22 ハワードの見たもの
「椅子に座ったまま殺されたということは、顔見知りの犯行だろう?」
根来も自分の推理を語り始めた。その言葉に羽黒も頷く。
「そうでしょうね。強盗殺人なら、このように被害者が椅子に座ったままということはありませんからね」
途端に僕は心配になった。二人は、まだ納得がいかずに推理を進めているのだ。おかしいではないか。事件は長倉 理彩が犯人で一目瞭然ではないのか。そこで僕は口を出した。
「あの、犯人は理彩さんで確定なのでしょう? この通り、密室殺人なのだから……」
「理彩さん? ああ、長倉さんのことですか。どうでしょうねぇ。長倉さんは寝室で眠っていたと証言しますがね。もし、彼女が犯人だとしたら、なぜ自分しか犯行ができないという状況で殺人を行ったのでしょうか?」
僕は、羽黒のその問いに咄嗟に答えることができなかった。確かにこの状況は不自然なのだ。これ以上尋ねるのは、怪しまれる恐れもあるが、沸き起こる不安感に、居ても立っても居られなくなって、僕はさらに質問を続けた。
「でも現に、現場は密室だったわけでしょう?」
「ええ。その点は検討したいと思います」
祐介は事務的にそう答えると、さらに被害者の腕時計を眺めた。その針は、11時半を指したまま、ぴたりと止まっていた。

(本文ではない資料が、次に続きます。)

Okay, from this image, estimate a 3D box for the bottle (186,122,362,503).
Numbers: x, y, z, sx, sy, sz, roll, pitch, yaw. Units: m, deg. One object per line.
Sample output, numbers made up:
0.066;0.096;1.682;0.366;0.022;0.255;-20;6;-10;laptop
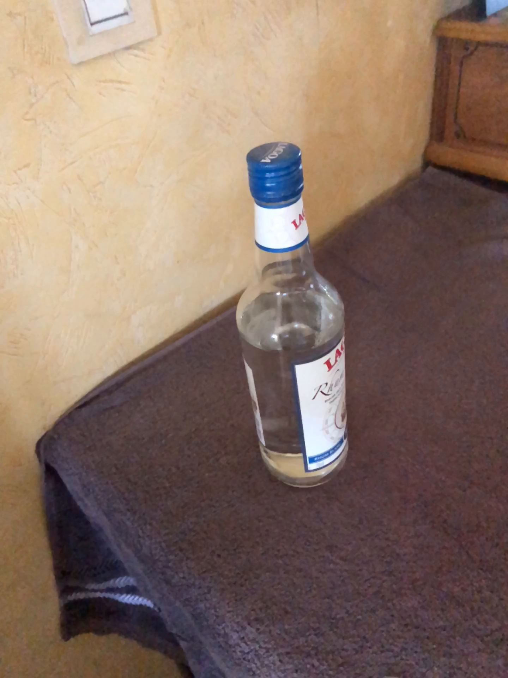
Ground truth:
0.030;-0.001;0.393;0.080;0.268;0.081;-5;41;5;bottle
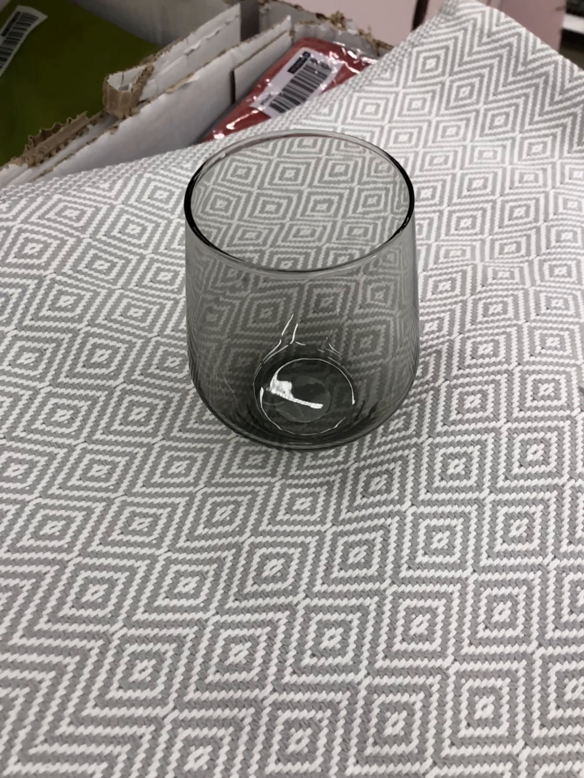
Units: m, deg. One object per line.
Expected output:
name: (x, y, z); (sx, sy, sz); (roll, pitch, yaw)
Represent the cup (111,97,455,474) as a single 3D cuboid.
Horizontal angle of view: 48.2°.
cup: (0.000, -0.031, 0.208); (0.080, 0.080, 0.080); (1, 52, -1)

「壊れていますね。根来さん。11時半、これが犯行が行われた時刻だと思いますか?」
「そうだろうな。腕時計が壊れて止まっているわけだし」
羽黒は、少し笑みを浮かべると、カールさんの方を向いた。
「カールさんはこの隣の部屋に泊まっていらっしゃるのですよね? その頃、何か不審な音などはしましたか?」
「いえ、そんな音は聞きませんでしたが……。確かあの時刻、私は黒田倫助さんと隣の部屋にいたのです。ねえ、倫助さん、おかしな音などしませんでしたよね?」
「ええ」
上手い具合に、僕はアリバイを証明することになった。そうだ。僕がカールさんと別れたのは、昨晩12時頃のことだったんだ。だから、犯行が11時半に行われたということになれば、僕にはアリバイがあることになる。
「おかしな音は聞きませんでしたね」
僕は勝利に酔いながらそっけなくそう答えると、途端に一等航海士のハワードが何かを思い出したらしく手を挙げた。
「そういえば、昨晩、廊下で奇妙な男を見ました」
「どんな男です」
根来が鋭く尋ねる。
「ボーイ姿の男です。ところが、この豪華客船ではまず見かけないような制服を着ていて、帽子を目深に被っていたのです。そして、その男は、何かひどく取り乱したような足取りで、私の横をすり抜けていきました」
「それは不自然だな。時刻は何時でしたか?」
「3時だか、4時だか、ずいぶん夜は更けていたと思いますけど……」
僕は、この言葉に焦った。そしていらない癖で、興奮すると、少しこわばった声で叫んだ。
「それは事件とは関係ありませんよ。何を言っているのですか。あまりにも、時刻が違いすぎますよ。犯行が行われたのは11時半ということでしょう? 3時や4時なんて、殺害後の後始末も全て完了した頃でしょう。それに、黒い蝶ネクタイのボーイ姿の男が廊下を歩いていることがそんなに珍しいことですか?」
ハワードは僕に猛然と言い返されて、少し怒ったようになった。
「いえ、私はそんなことを言っているわけではないですよ。この豪華客船において、見慣れない制服を着た人物がいたら、やはり不審だと思うでしょう」
「まあまあ、お二人とも、喧嘩は良くない……」
……そこで根来に制されて、僕とハワードは互いに静かになった。